I have almost never seen a case where a composite key was a good idea (exception, joining table consisting of only two surrogate keys). In the first palce you are wasting space in the child tables. You are harming performance in the joins as integer joins are generally much faster. If you have the composite key as a clustered index (talking SQL Server here), then you are causing the database to be less efficient about storing records and less efficient in building other indexes - all of which use the clusterd index.

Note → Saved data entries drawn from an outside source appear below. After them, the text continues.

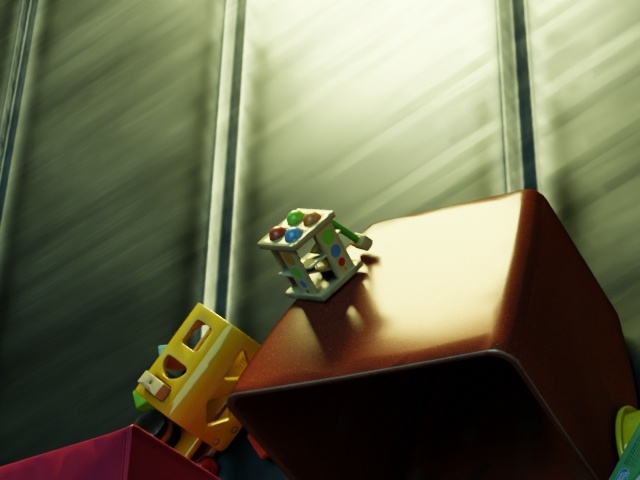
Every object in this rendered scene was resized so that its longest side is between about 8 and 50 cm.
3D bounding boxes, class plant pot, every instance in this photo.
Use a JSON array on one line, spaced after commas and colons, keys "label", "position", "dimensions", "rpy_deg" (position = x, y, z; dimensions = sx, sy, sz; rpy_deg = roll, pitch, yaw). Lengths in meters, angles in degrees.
[{"label": "plant pot", "position": [0.126, 0.112, 1.370], "dimensions": [0.267, 0.267, 0.235], "rpy_deg": [-12, 39, 33]}]

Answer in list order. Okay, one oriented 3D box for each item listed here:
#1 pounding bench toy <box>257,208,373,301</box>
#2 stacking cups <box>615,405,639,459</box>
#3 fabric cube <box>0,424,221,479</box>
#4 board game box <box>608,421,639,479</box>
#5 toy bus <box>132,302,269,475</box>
[{"label": "pounding bench toy", "position": [0.000, 0.000, 1.357], "dimensions": [0.083, 0.065, 0.052], "rpy_deg": [-41, 26, -29]}, {"label": "stacking cups", "position": [0.390, 0.135, 1.235], "dimensions": [0.316, 0.096, 0.096], "rpy_deg": [-19, 50, 28]}, {"label": "fabric cube", "position": [-0.205, 0.355, 1.450], "dimensions": [0.258, 0.254, 0.259], "rpy_deg": [-19, 50, 27]}, {"label": "board game box", "position": [0.358, 0.098, 1.170], "dimensions": [0.213, 0.046, 0.317], "rpy_deg": [13, 66, 52]}, {"label": "toy bus", "position": [-0.138, 0.164, 1.643], "dimensions": [0.191, 0.104, 0.202], "rpy_deg": [-23, 48, 26]}]
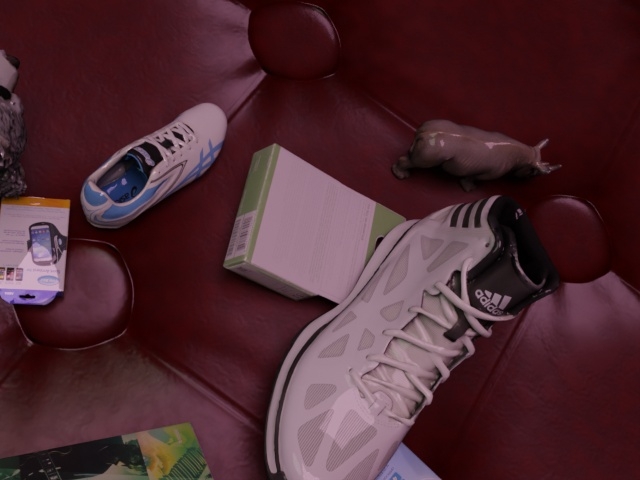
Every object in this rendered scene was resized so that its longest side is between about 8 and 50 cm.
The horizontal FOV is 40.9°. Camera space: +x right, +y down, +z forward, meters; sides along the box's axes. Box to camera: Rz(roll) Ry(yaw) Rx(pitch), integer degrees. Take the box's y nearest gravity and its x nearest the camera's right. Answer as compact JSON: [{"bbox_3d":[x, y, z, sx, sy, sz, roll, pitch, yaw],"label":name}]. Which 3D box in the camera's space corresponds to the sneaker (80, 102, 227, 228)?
[{"bbox_3d":[-0.203,-0.104,1.093,0.085,0.086,0.237,43,62,5],"label":"sneaker"}]

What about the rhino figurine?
[{"bbox_3d":[0.232,-0.117,1.216,0.243,0.106,0.073,7,67,-13],"label":"rhino figurine"}]

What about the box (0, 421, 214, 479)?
[{"bbox_3d":[-0.257,0.291,0.849,0.322,0.232,0.058,-6,114,-20],"label":"box"}]

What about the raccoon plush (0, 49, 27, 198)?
[{"bbox_3d":[-0.544,-0.091,0.965,0.446,0.216,0.299,-40,90,3],"label":"raccoon plush"}]

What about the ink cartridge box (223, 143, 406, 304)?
[{"bbox_3d":[0.000,0.000,1.130,0.235,0.056,0.171,28,61,-31],"label":"ink cartridge box"}]

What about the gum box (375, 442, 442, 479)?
[{"bbox_3d":[0.109,0.360,1.018,0.184,0.041,0.157,42,63,4],"label":"gum box"}]

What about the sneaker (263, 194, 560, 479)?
[{"bbox_3d":[0.109,0.101,0.974,0.169,0.257,0.447,40,56,-11],"label":"sneaker"}]

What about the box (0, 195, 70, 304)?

我几乎从未见过复合键是个好主意的情况(例外,连接表仅包含两个代理键)。在第一个地方,您正在浪费子表中的空间。您正在损害连接中的性能,因为整数连接通常要快得多。如果您将复合键作为聚集索引(这里指的是 SQL Server),那么您将导致数据库存储记录的效率较低,并且构建其他索引的效率较低 - 所有这些都使用聚集索引。

When the data in the key changes (As it almost inevitably will) then you need to update all related tables as well casuing massive unecessary updates and wasting processing power on a task that is completely uneeded when the database is designed to use surrogaste keys. Primary keys need not only to be unique but to be unchanging. Composite keys often fail the second test.

当键中的数据发生变化时(几乎不可避免地会发生变化),那么您需要更新所有相关表,并导致大量不必要的更新,并在数据库设计为使用代理键时完全不需要的任务上浪费处理能力。主键不仅要唯一,而且要保持不变。复合键通常无法通过第二次测试。

So you are thinking of using a technique that harms performance, causes poor use of memory and database storage, uses way more space in child records (another waste of resources) and requires painful updating of what may be millions of child records when things change. And which might make it hard to use an ORM? Why would you do that? Because you are too lazy to put a surrogate key on and then define a unique index on the potential composite key? Is there any gain at all to using a composite index? For the lack of 5 minutes of work you are permanently harming your database?

因此,您正在考虑使用一种会损害性能、导致内存和数据库存储使用不当、在子记录中使用更多空间(另一种资源浪费)的技术,并且需要在情况发生变化时痛苦地更新数百万个子记录。哪些可能会使使用 ORM 变得困难?为什么要这么做?是因为你懒得放代理键,然后在潜在的组合键上定义唯一索引?使用复合索引有什么好处吗?由于缺少 5 分钟的工作,您是否会永久损害您的数据库?